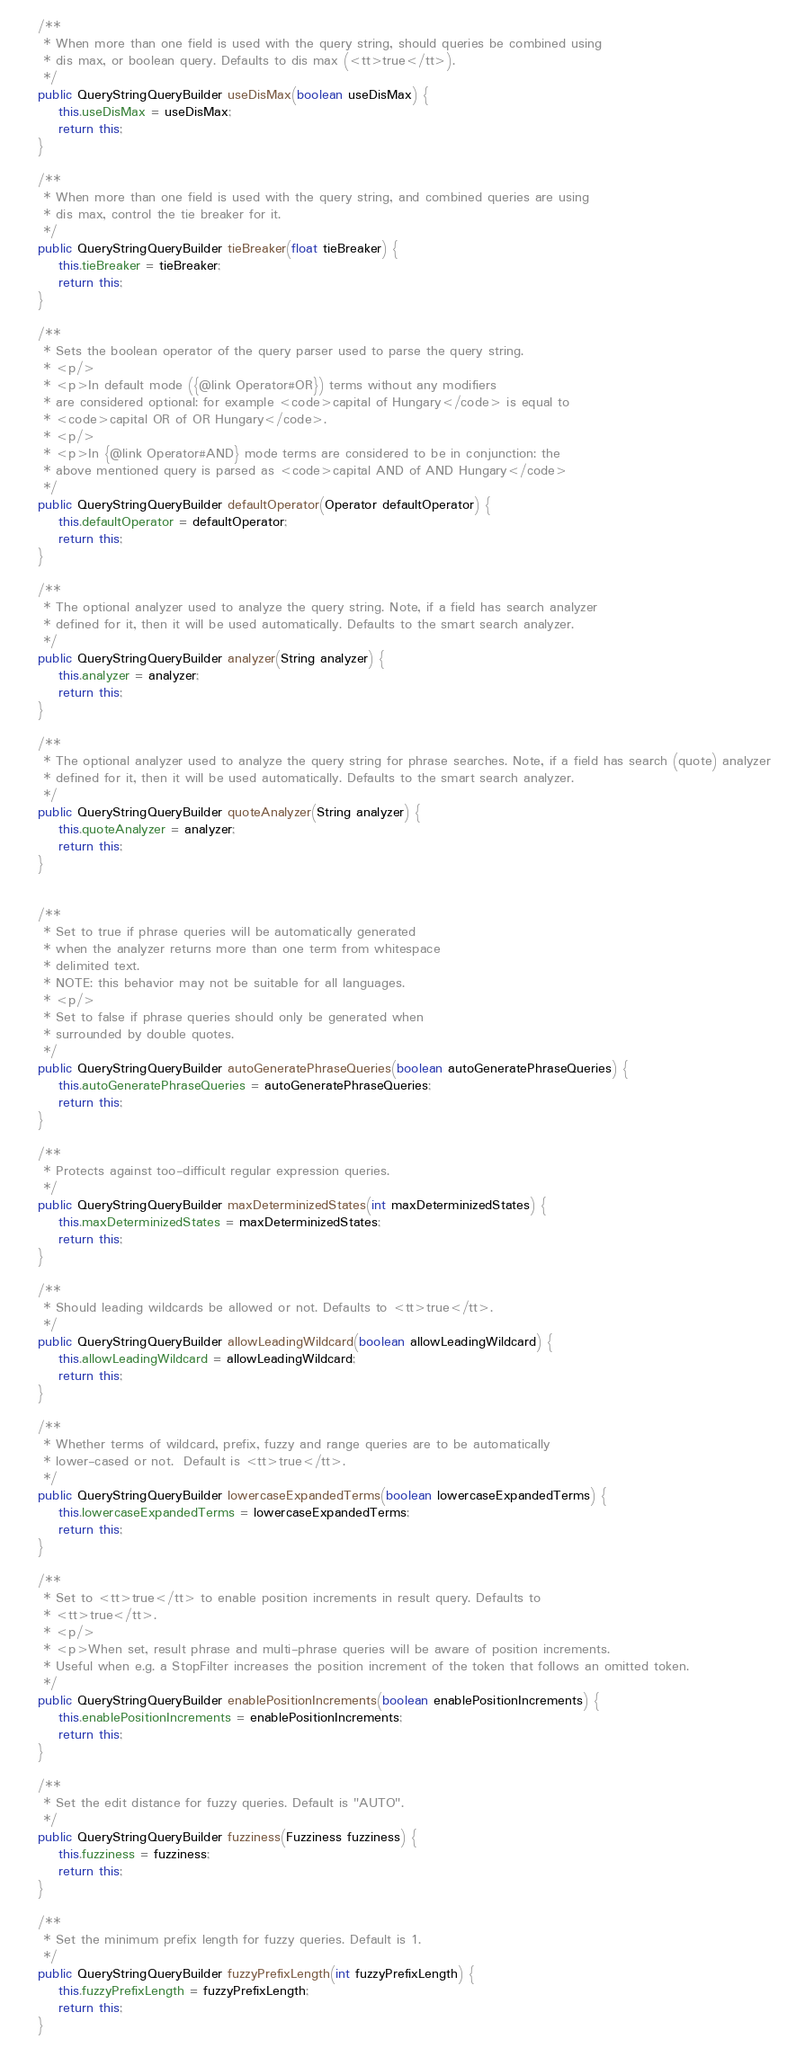Convert code to text. <code><loc_0><loc_0><loc_500><loc_500><_Java_>    /**
     * When more than one field is used with the query string, should queries be combined using
     * dis max, or boolean query. Defaults to dis max (<tt>true</tt>).
     */
    public QueryStringQueryBuilder useDisMax(boolean useDisMax) {
        this.useDisMax = useDisMax;
        return this;
    }

    /**
     * When more than one field is used with the query string, and combined queries are using
     * dis max, control the tie breaker for it.
     */
    public QueryStringQueryBuilder tieBreaker(float tieBreaker) {
        this.tieBreaker = tieBreaker;
        return this;
    }

    /**
     * Sets the boolean operator of the query parser used to parse the query string.
     * <p/>
     * <p>In default mode ({@link Operator#OR}) terms without any modifiers
     * are considered optional: for example <code>capital of Hungary</code> is equal to
     * <code>capital OR of OR Hungary</code>.
     * <p/>
     * <p>In {@link Operator#AND} mode terms are considered to be in conjunction: the
     * above mentioned query is parsed as <code>capital AND of AND Hungary</code>
     */
    public QueryStringQueryBuilder defaultOperator(Operator defaultOperator) {
        this.defaultOperator = defaultOperator;
        return this;
    }

    /**
     * The optional analyzer used to analyze the query string. Note, if a field has search analyzer
     * defined for it, then it will be used automatically. Defaults to the smart search analyzer.
     */
    public QueryStringQueryBuilder analyzer(String analyzer) {
        this.analyzer = analyzer;
        return this;
    }

    /**
     * The optional analyzer used to analyze the query string for phrase searches. Note, if a field has search (quote) analyzer
     * defined for it, then it will be used automatically. Defaults to the smart search analyzer.
     */
    public QueryStringQueryBuilder quoteAnalyzer(String analyzer) {
        this.quoteAnalyzer = analyzer;
        return this;
    }


    /**
     * Set to true if phrase queries will be automatically generated
     * when the analyzer returns more than one term from whitespace
     * delimited text.
     * NOTE: this behavior may not be suitable for all languages.
     * <p/>
     * Set to false if phrase queries should only be generated when
     * surrounded by double quotes.
     */
    public QueryStringQueryBuilder autoGeneratePhraseQueries(boolean autoGeneratePhraseQueries) {
        this.autoGeneratePhraseQueries = autoGeneratePhraseQueries;
        return this;
    }

    /**
     * Protects against too-difficult regular expression queries.
     */
    public QueryStringQueryBuilder maxDeterminizedStates(int maxDeterminizedStates) {
        this.maxDeterminizedStates = maxDeterminizedStates;
        return this;
    }

    /**
     * Should leading wildcards be allowed or not. Defaults to <tt>true</tt>.
     */
    public QueryStringQueryBuilder allowLeadingWildcard(boolean allowLeadingWildcard) {
        this.allowLeadingWildcard = allowLeadingWildcard;
        return this;
    }

    /**
     * Whether terms of wildcard, prefix, fuzzy and range queries are to be automatically
     * lower-cased or not.  Default is <tt>true</tt>.
     */
    public QueryStringQueryBuilder lowercaseExpandedTerms(boolean lowercaseExpandedTerms) {
        this.lowercaseExpandedTerms = lowercaseExpandedTerms;
        return this;
    }

    /**
     * Set to <tt>true</tt> to enable position increments in result query. Defaults to
     * <tt>true</tt>.
     * <p/>
     * <p>When set, result phrase and multi-phrase queries will be aware of position increments.
     * Useful when e.g. a StopFilter increases the position increment of the token that follows an omitted token.
     */
    public QueryStringQueryBuilder enablePositionIncrements(boolean enablePositionIncrements) {
        this.enablePositionIncrements = enablePositionIncrements;
        return this;
    }

    /**
     * Set the edit distance for fuzzy queries. Default is "AUTO".
     */
    public QueryStringQueryBuilder fuzziness(Fuzziness fuzziness) {
        this.fuzziness = fuzziness;
        return this;
    }

    /**
     * Set the minimum prefix length for fuzzy queries. Default is 1.
     */
    public QueryStringQueryBuilder fuzzyPrefixLength(int fuzzyPrefixLength) {
        this.fuzzyPrefixLength = fuzzyPrefixLength;
        return this;
    }
</code>

§ §

*EXERCISE BRIEF:* Please transcribe all of the entries exactly and omit any picture they hold.

*YOUR RESPONSE:*
Convert code to text. <code><loc_0><loc_0><loc_500><loc_500><_Java_>    /**
     * When more than one field is used with the query string, should queries be combined using
     * dis max, or boolean query. Defaults to dis max (<tt>true</tt>).
     */
    public QueryStringQueryBuilder useDisMax(boolean useDisMax) {
        this.useDisMax = useDisMax;
        return this;
    }

    /**
     * When more than one field is used with the query string, and combined queries are using
     * dis max, control the tie breaker for it.
     */
    public QueryStringQueryBuilder tieBreaker(float tieBreaker) {
        this.tieBreaker = tieBreaker;
        return this;
    }

    /**
     * Sets the boolean operator of the query parser used to parse the query string.
     * <p/>
     * <p>In default mode ({@link Operator#OR}) terms without any modifiers
     * are considered optional: for example <code>capital of Hungary</code> is equal to
     * <code>capital OR of OR Hungary</code>.
     * <p/>
     * <p>In {@link Operator#AND} mode terms are considered to be in conjunction: the
     * above mentioned query is parsed as <code>capital AND of AND Hungary</code>
     */
    public QueryStringQueryBuilder defaultOperator(Operator defaultOperator) {
        this.defaultOperator = defaultOperator;
        return this;
    }

    /**
     * The optional analyzer used to analyze the query string. Note, if a field has search analyzer
     * defined for it, then it will be used automatically. Defaults to the smart search analyzer.
     */
    public QueryStringQueryBuilder analyzer(String analyzer) {
        this.analyzer = analyzer;
        return this;
    }

    /**
     * The optional analyzer used to analyze the query string for phrase searches. Note, if a field has search (quote) analyzer
     * defined for it, then it will be used automatically. Defaults to the smart search analyzer.
     */
    public QueryStringQueryBuilder quoteAnalyzer(String analyzer) {
        this.quoteAnalyzer = analyzer;
        return this;
    }


    /**
     * Set to true if phrase queries will be automatically generated
     * when the analyzer returns more than one term from whitespace
     * delimited text.
     * NOTE: this behavior may not be suitable for all languages.
     * <p/>
     * Set to false if phrase queries should only be generated when
     * surrounded by double quotes.
     */
    public QueryStringQueryBuilder autoGeneratePhraseQueries(boolean autoGeneratePhraseQueries) {
        this.autoGeneratePhraseQueries = autoGeneratePhraseQueries;
        return this;
    }

    /**
     * Protects against too-difficult regular expression queries.
     */
    public QueryStringQueryBuilder maxDeterminizedStates(int maxDeterminizedStates) {
        this.maxDeterminizedStates = maxDeterminizedStates;
        return this;
    }

    /**
     * Should leading wildcards be allowed or not. Defaults to <tt>true</tt>.
     */
    public QueryStringQueryBuilder allowLeadingWildcard(boolean allowLeadingWildcard) {
        this.allowLeadingWildcard = allowLeadingWildcard;
        return this;
    }

    /**
     * Whether terms of wildcard, prefix, fuzzy and range queries are to be automatically
     * lower-cased or not.  Default is <tt>true</tt>.
     */
    public QueryStringQueryBuilder lowercaseExpandedTerms(boolean lowercaseExpandedTerms) {
        this.lowercaseExpandedTerms = lowercaseExpandedTerms;
        return this;
    }

    /**
     * Set to <tt>true</tt> to enable position increments in result query. Defaults to
     * <tt>true</tt>.
     * <p/>
     * <p>When set, result phrase and multi-phrase queries will be aware of position increments.
     * Useful when e.g. a StopFilter increases the position increment of the token that follows an omitted token.
     */
    public QueryStringQueryBuilder enablePositionIncrements(boolean enablePositionIncrements) {
        this.enablePositionIncrements = enablePositionIncrements;
        return this;
    }

    /**
     * Set the edit distance for fuzzy queries. Default is "AUTO".
     */
    public QueryStringQueryBuilder fuzziness(Fuzziness fuzziness) {
        this.fuzziness = fuzziness;
        return this;
    }

    /**
     * Set the minimum prefix length for fuzzy queries. Default is 1.
     */
    public QueryStringQueryBuilder fuzzyPrefixLength(int fuzzyPrefixLength) {
        this.fuzzyPrefixLength = fuzzyPrefixLength;
        return this;
    }
</code>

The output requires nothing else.